Personal musings on shipping the first version of software.

I find it amusing that even though Peter and I have been on very different schedules as of late (and thus haven't run into each other around the house much) his latest blog entry captured very much what I've been focused on as of late.

I have been neglecting regular updates to my blog for the last month or so because I've been coming home completely mentally fried.  At work, I have been struggling with many of the questions that Peter described in his blog for a particularly difficult feature in the product I'm currently working on.  I seriously spent a few days just trying to figure out what a user would expect to see and be able to do with this one particular facet of our product.  I then spent two weeks brainstorming solutions with everyone else on the team to come up with a list of six or seven options.  Next, the dev team went through and "costed" (calculated how long a feature would take to get working) each option.  Finally, we went through and listed all of the side-effects each option had.  After about a month total of data collection and analysis, it became fairly clear which options were feasible (note, we didn't have all the data like test costs, or localization hit. those costs weren't necessary to see which options were expensive and which weren't).
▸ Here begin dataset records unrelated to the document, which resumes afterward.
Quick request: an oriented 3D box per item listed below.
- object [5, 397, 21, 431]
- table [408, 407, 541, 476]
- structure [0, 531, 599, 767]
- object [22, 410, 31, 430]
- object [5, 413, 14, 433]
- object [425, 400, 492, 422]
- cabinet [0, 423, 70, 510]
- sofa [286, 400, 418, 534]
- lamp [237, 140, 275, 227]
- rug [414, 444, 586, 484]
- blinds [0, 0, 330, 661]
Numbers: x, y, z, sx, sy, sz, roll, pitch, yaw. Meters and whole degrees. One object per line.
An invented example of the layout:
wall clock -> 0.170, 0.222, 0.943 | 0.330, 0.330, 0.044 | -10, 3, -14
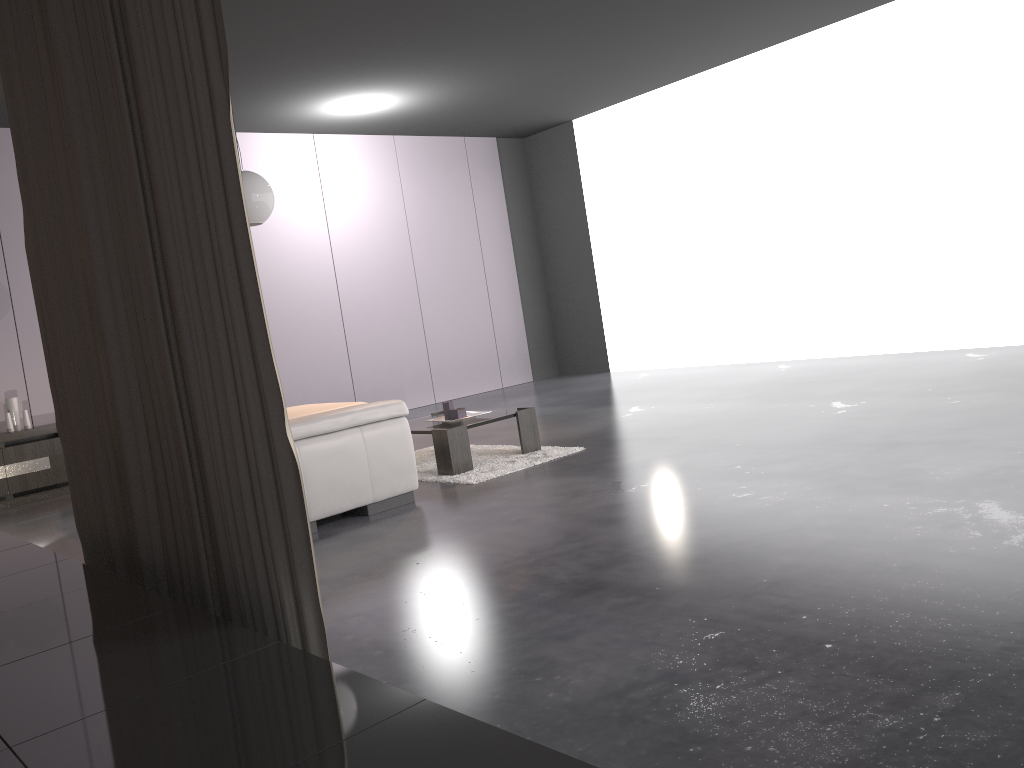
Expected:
object -> -3.923, 0.238, 6.975 | 0.089, 0.263, 0.089 | -8, 2, 10
table -> -0.391, 0.353, 5.636 | 0.704, 0.270, 0.903 | -12, 6, -41
structure -> -1.667, 0.809, 2.466 | 1.005, 0.300, 8.751 | -13, 6, -41
object -> -3.812, 0.279, 6.951 | 0.051, 0.152, 0.051 | -8, 2, 28
object -> -3.902, 0.300, 6.871 | 0.051, 0.152, 0.051 | -8, 2, 28
object -> -0.343, 0.158, 5.544 | 0.305, 0.136, 0.304 | -12, 5, -36
cabinet -> -3.941, 0.667, 6.822 | 1.077, 0.554, 0.376 | -12, 4, -41
sofa -> -1.460, 0.233, 5.616 | 1.877, 0.857, 2.855 | -12, 6, -41
lamp -> -1.510, -1.545, 4.700 | 0.306, 1.412, 0.308 | -8, 2, 17
rug -> -0.367, 0.490, 5.624 | 0.921, 0.023, 1.523 | -13, 6, -41
blinds -> -1.026, -0.667, 2.576 | 0.250, 2.991, 3.281 | -10, 4, -40
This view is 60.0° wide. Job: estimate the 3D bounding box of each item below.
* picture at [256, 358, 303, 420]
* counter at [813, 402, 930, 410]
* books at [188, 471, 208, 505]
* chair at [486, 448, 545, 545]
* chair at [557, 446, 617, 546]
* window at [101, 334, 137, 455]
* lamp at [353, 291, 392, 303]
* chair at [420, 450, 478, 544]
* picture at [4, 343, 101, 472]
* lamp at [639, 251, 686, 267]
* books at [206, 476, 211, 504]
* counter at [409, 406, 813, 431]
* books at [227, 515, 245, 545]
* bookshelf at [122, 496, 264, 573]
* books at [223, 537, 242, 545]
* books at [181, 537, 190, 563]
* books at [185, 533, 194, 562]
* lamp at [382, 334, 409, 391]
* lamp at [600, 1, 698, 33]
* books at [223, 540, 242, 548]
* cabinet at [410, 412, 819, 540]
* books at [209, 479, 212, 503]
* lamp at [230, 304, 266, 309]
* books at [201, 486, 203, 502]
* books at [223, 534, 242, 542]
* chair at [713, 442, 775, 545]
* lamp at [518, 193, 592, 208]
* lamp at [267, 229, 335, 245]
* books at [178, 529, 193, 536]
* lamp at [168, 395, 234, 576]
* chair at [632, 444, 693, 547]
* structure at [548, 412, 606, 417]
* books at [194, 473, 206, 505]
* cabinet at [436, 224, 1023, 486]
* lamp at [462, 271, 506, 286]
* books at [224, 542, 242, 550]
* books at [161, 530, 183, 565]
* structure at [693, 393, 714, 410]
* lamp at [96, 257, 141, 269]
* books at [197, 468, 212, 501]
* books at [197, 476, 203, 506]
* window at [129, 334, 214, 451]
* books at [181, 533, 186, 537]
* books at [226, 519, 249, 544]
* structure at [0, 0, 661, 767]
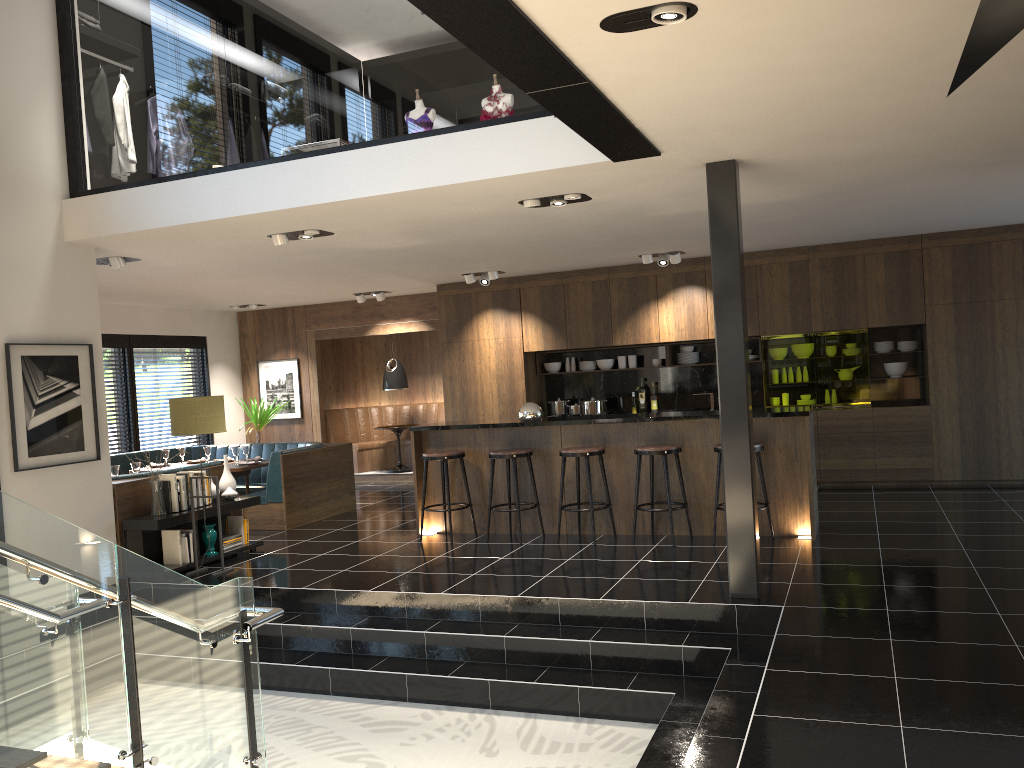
[{"bbox_3d":[-3.543,0.085,13.505,0.748,0.911,0.028,-3,1,21],"label":"picture"},{"bbox_3d":[2.496,0.339,10.738,4.592,0.005,0.862,-3,1,21],"label":"counter"},{"bbox_3d":[-2.742,0.908,7.755,0.177,0.294,0.025,-3,2,21],"label":"books"},{"bbox_3d":[0.011,0.989,7.890,0.412,0.799,0.412,-3,1,31],"label":"chair"},{"bbox_3d":[0.625,0.955,7.650,0.412,0.799,0.412,-3,1,31],"label":"chair"},{"bbox_3d":[-5.401,0.525,11.087,0.312,2.374,1.504,-3,1,21],"label":"window"},{"bbox_3d":[-1.914,-1.256,12.134,0.502,0.280,0.349,-3,1,21],"label":"lamp"},{"bbox_3d":[-0.603,1.024,8.130,0.412,0.799,0.412,-3,1,31],"label":"chair"},{"bbox_3d":[-3.402,0.155,6.607,0.028,0.911,0.748,-3,1,21],"label":"picture"},{"bbox_3d":[1.665,-1.449,9.846,0.502,0.280,0.349,-3,1,21],"label":"lamp"},{"bbox_3d":[-2.720,0.929,7.776,0.162,0.250,0.028,-3,2,21],"label":"books"},{"bbox_3d":[0.824,0.318,8.019,3.574,0.041,0.698,-3,1,21],"label":"counter"},{"bbox_3d":[-2.524,1.336,8.113,0.156,0.263,0.026,-3,2,21],"label":"books"},{"bbox_3d":[-2.715,1.313,7.673,0.356,0.500,1.303,-3,1,21],"label":"bookshelf"},{"bbox_3d":[-2.573,1.410,7.961,0.167,0.024,0.261,-3,1,18],"label":"books"},{"bbox_3d":[-2.771,1.382,7.364,0.196,0.218,0.023,-3,1,21],"label":"books"},{"bbox_3d":[-2.757,1.368,7.422,0.194,0.244,0.036,-3,1,21],"label":"books"},{"bbox_3d":[-1.745,-0.400,13.069,0.389,0.974,0.389,-4,1,-25],"label":"lamp"},{"bbox_3d":[0.475,-1.343,3.113,0.346,0.158,0.195,-3,1,21],"label":"lamp"},{"bbox_3d":[-2.574,1.435,7.962,0.156,0.025,0.275,-3,1,17],"label":"books"},{"bbox_3d":[0.858,0.835,8.032,3.565,0.994,0.698,-3,1,21],"label":"cabinet"},{"bbox_3d":[-2.718,0.939,7.832,0.129,0.227,0.026,-3,2,21],"label":"books"},{"bbox_3d":[-3.844,-1.180,12.887,0.502,0.213,0.349,-3,1,21],"label":"lamp"},{"bbox_3d":[-2.761,0.932,7.705,0.142,0.250,0.029,-3,2,21],"label":"books"},{"bbox_3d":[-2.579,1.385,7.962,0.156,0.025,0.274,-3,1,25],"label":"books"},{"bbox_3d":[1.853,0.885,7.170,0.412,0.799,0.412,-3,1,31],"label":"chair"},{"bbox_3d":[0.306,-1.369,6.350,0.502,0.195,0.349,-3,1,21],"label":"lamp"},{"bbox_3d":[-1.701,-1.236,7.136,0.502,0.231,0.349,-3,1,21],"label":"lamp"},{"bbox_3d":[-2.768,1.359,7.481,0.159,0.261,0.067,-3,1,21],"label":"books"},{"bbox_3d":[-2.600,0.832,7.177,0.637,1.445,0.437,-5,2,-43],"label":"lamp"},{"bbox_3d":[1.239,0.920,7.410,0.412,0.799,0.412,-3,1,31],"label":"chair"},{"bbox_3d":[0.884,0.406,11.303,0.877,0.046,0.533,-3,1,21],"label":"structure"},{"bbox_3d":[-2.746,0.916,7.729,0.154,0.280,0.028,-3,2,21],"label":"books"},{"bbox_3d":[2.461,-0.146,10.722,6.894,2.691,0.869,-3,1,21],"label":"cabinet"},{"bbox_3d":[-0.343,-1.328,10.631,0.502,0.294,0.349,-3,1,21],"label":"lamp"},{"bbox_3d":[-2.574,1.460,7.964,0.156,0.025,0.274,-3,1,18],"label":"books"},{"bbox_3d":[-2.816,1.352,7.351,0.176,0.284,0.030,-3,2,21],"label":"books"},{"bbox_3d":[2.301,0.234,10.658,0.243,0.231,0.173,-3,1,21],"label":"structure"},{"bbox_3d":[-3.570,-1.121,7.866,0.502,0.248,0.349,-3,1,21],"label":"lamp"},{"bbox_3d":[-2.721,0.899,7.857,0.131,0.307,0.022,-3,2,21],"label":"books"},{"bbox_3d":[-2.770,0.930,7.675,0.194,0.255,0.034,-3,1,21],"label":"books"},{"bbox_3d":[-4.857,0.476,12.487,0.312,2.374,1.504,-3,1,21],"label":"window"},{"bbox_3d":[-2.792,1.370,7.400,0.166,0.245,0.030,-3,1,21],"label":"books"},{"bbox_3d":[-2.522,1.351,8.146,0.231,0.232,0.037,-3,1,21],"label":"books"},{"bbox_3d":[-1.725,0.072,2.263,3.448,4.870,7.276,-3,1,21],"label":"structure"}]
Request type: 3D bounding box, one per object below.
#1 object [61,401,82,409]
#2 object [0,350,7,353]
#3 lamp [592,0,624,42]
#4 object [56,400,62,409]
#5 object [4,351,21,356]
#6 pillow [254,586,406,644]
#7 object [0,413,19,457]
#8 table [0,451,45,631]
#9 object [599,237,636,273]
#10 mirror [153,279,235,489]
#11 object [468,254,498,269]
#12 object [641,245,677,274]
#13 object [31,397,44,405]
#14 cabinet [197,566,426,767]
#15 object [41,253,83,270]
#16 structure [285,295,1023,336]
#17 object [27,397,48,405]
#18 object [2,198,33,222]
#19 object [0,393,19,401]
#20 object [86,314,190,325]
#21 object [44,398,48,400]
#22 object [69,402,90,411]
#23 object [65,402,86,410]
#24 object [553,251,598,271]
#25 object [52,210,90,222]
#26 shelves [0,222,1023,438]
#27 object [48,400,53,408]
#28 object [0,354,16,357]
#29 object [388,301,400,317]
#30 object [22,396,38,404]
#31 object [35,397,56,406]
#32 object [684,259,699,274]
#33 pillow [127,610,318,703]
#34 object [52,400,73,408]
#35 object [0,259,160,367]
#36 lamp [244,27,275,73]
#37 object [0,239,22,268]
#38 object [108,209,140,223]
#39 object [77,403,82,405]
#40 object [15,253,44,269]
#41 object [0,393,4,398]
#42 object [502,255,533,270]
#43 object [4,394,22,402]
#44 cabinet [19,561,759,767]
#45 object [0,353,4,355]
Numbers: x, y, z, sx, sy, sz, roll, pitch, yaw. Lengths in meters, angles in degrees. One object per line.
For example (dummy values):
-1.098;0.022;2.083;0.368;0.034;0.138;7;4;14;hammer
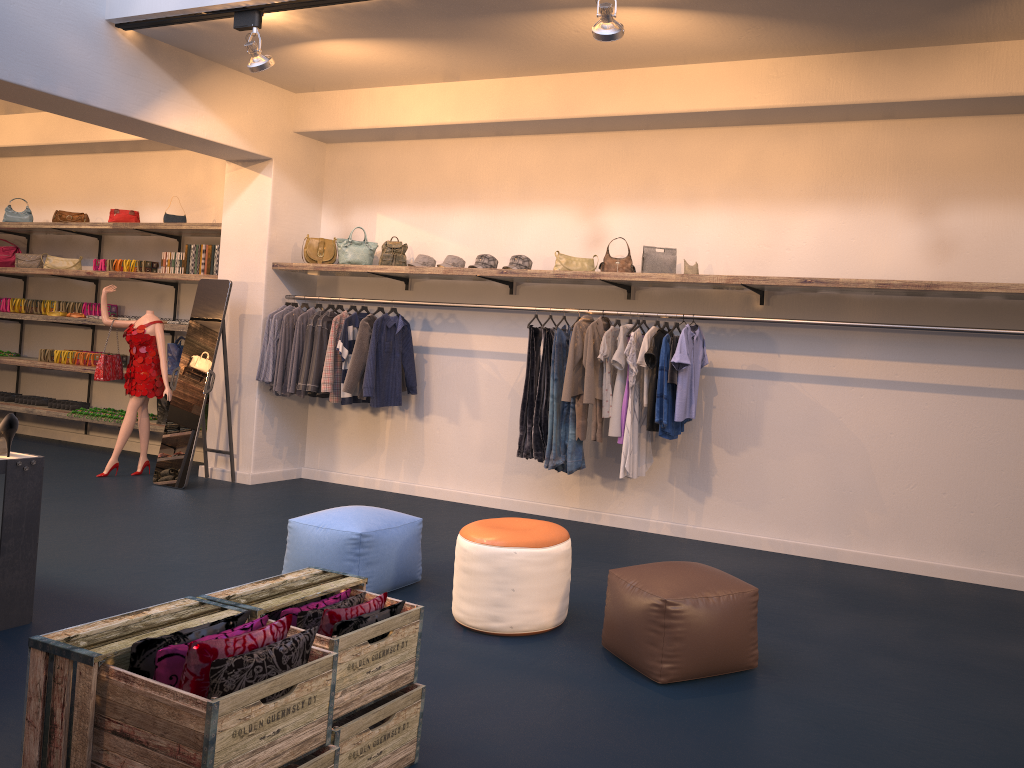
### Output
-4.603;0.223;9.066;0.201;0.088;0.060;2;1;-38;object
-5.659;-0.345;9.642;0.084;0.073;0.238;4;2;8;object
0.550;-2.036;4.821;0.190;0.328;0.228;4;0;-16;lamp
-4.663;0.217;9.094;0.201;0.088;0.060;2;1;-39;object
-5.561;-0.338;9.629;0.083;0.067;0.240;4;2;9;object
-0.623;0.822;2.770;0.430;0.320;0.328;4;1;27;pillow
-2.309;0.219;3.819;0.227;0.196;0.214;4;1;28;object
-3.526;0.604;3.823;2.381;0.742;1.313;5;2;26;table
0.821;-0.987;6.712;0.296;0.300;0.101;4;-1;-3;object
-2.665;-0.030;7.478;0.472;1.769;0.555;3;-2;28;mirror
-0.229;-0.993;7.093;0.265;0.136;0.157;2;2;-41;object
1.109;-0.926;6.573;0.288;0.230;0.075;4;-1;-16;object
-5.022;0.185;9.260;0.199;0.088;0.061;3;0;-27;object
-0.624;0.947;2.774;0.521;0.549;0.501;4;0;28;cabinet
-4.735;-1.279;9.122;0.385;0.175;0.217;3;1;-21;object
1.662;-0.453;6.108;8.174;0.039;0.041;5;1;25;structure
-5.079;0.180;9.287;0.200;0.088;0.061;3;0;-31;object
-5.348;-1.874;9.419;0.295;0.283;0.089;4;-1;-27;object
-5.482;0.144;9.472;0.061;0.088;0.199;4;2;31;object
-3.587;-0.635;8.646;1.428;0.060;0.512;5;3;25;object
-4.961;0.163;9.230;0.050;0.022;0.011;3;0;-24;object
-4.486;0.233;9.013;0.201;0.088;0.061;3;1;-34;object
-4.545;0.228;9.040;0.201;0.088;0.060;2;1;-37;object
0.511;-0.945;6.789;0.386;0.174;0.217;3;1;-21;object
-4.574;-1.733;9.080;0.371;0.141;0.389;6;3;39;object
-3.943;-0.266;4.068;15.788;2.229;9.190;5;3;26;shelves
-4.780;0.207;9.148;0.202;0.088;0.060;2;1;-44;object
-5.579;-0.306;9.526;0.078;0.058;0.248;5;2;26;object
-1.003;-0.603;7.344;0.009;0.220;0.459;3;1;31;object
-5.140;0.175;9.316;0.200;0.088;0.061;3;0;-31;object
-4.964;0.190;9.234;0.197;0.088;0.062;3;0;-23;object
1.330;-0.858;6.443;0.139;0.134;0.075;4;0;-26;object
-0.796;0.798;2.298;0.409;0.350;0.379;4;1;27;pillow
-4.723;0.212;9.122;0.060;0.088;0.202;4;1;44;object
-4.672;-0.755;9.199;2.521;1.139;0.483;5;-1;25;object
-1.732;-2.239;5.871;0.259;0.328;0.167;4;-1;-34;lamp
-5.648;-1.442;9.558;0.291;0.338;0.356;4;1;18;object
-3.889;-1.675;8.717;0.297;0.149;0.106;3;0;-28;object
-4.482;0.205;9.010;0.051;0.022;0.011;3;0;-35;object
-5.191;-1.321;9.337;0.278;0.176;0.100;4;-1;-12;object
-5.539;0.139;9.499;0.061;0.088;0.199;4;2;31;object
0.050;-0.968;6.964;0.265;0.136;0.157;2;2;-41;object
-5.422;0.150;9.445;0.061;0.088;0.199;4;2;31;object
-0.046;0.967;3.178;0.684;0.548;3.037;5;3;44;cabinet
-5.654;-0.337;9.474;0.078;0.067;0.254;5;2;37;object
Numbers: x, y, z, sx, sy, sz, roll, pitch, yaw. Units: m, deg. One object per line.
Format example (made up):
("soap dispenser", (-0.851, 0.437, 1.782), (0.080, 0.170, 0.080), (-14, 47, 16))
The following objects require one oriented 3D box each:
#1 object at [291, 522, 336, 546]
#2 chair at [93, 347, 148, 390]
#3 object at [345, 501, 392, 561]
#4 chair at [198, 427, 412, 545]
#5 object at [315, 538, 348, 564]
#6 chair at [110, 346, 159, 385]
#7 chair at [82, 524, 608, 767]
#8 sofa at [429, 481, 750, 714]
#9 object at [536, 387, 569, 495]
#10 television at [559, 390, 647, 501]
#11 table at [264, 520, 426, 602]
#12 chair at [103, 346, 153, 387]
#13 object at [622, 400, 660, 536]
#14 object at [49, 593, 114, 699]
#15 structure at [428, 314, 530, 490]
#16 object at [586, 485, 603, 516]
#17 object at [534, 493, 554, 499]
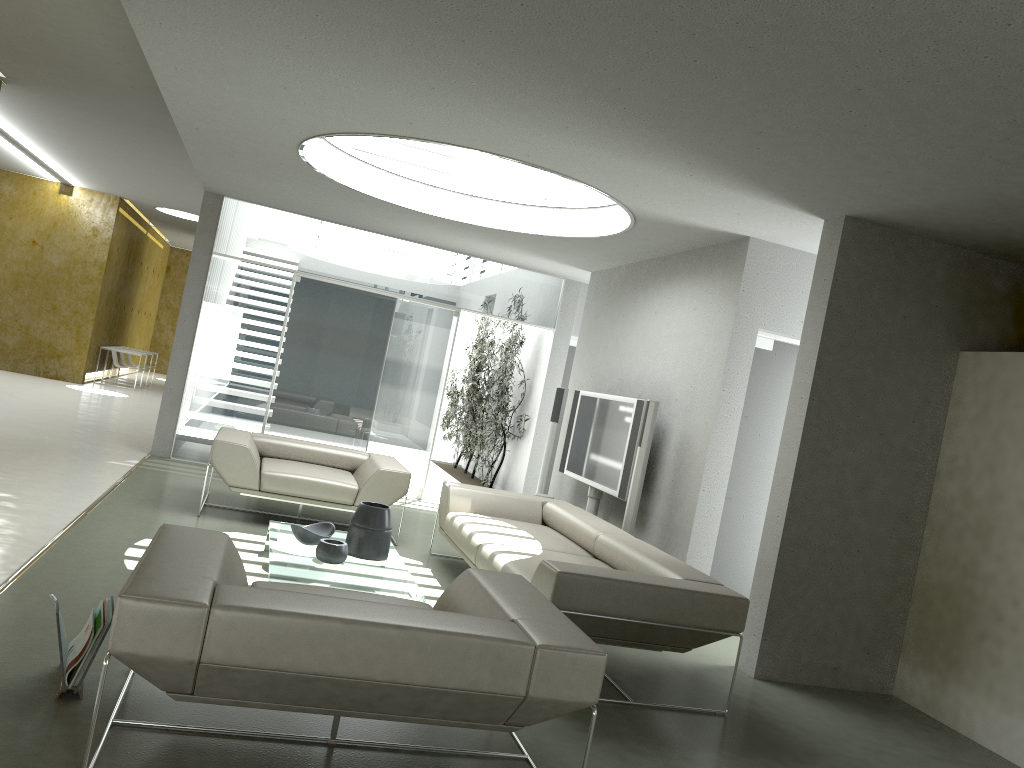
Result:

Late last week, we met with the other teams that would be affected by the option picked and made a decision.  We picked "Option 1".  Option 1 was "Cut the Feature".  You see, we're closing in on Beta2 and many of best options just couldn't be considered because there isn't enough time to get all of the existing work done and add this new work on top.  Sometimes it can be very frustrating to watch a feature fall on the floor because we miscalculated something(s) in the beginning and don't have time to go back to fix it correctly.  Other times it's just frustrating trying to figure out what to do with such problematic features and cutting them is something of a relief even if you now have to worry that you've cut too deep.  Ultimately, I think cutting this particular feature was the right thing to do but I do wonder how users will interact differently with the product without this feature.

I obviously can't go into details about the exact feature here (otherwise I would have already) but I wish I could.  I often wish that my day job project could operate like my Open Source project.  The feedback loop is so much tighter when the community is built into the project.  Maybe after we ship I'll discuss it, but I doubt it.

Finally, first version projects (like what I'm working on) are notoriously difficult to wander through because quite often you're building something for an audience (community?) that doesn't exist yet.  Each feature is vetted against what you imagine your customers are going to need because your customers don't exist yet.  In my humble opinion, that is why everyone says you should wait for the third version of a product.  It usually takes a couple versions of customer feedback to be incorporated into the product before users find the products truly usable.  This is yet another example of why I enjoy working on my Open Source project; the feedback loop is much tighter.

On a brighter note, it looks like all of this struggling will be behind me in the next week or two.  Then I'll be off to Italy for a week.  When I get back from holiday, I'll actually get back to write code again.  Yes, for the last few months I've been of working on a non-coding feature.  I can't tell you how much I am looking forward to writing code again.  I always thought I could be a PM (I know I'd be a lousy Tester) but now I know better.  I'm a Developer.  I write code.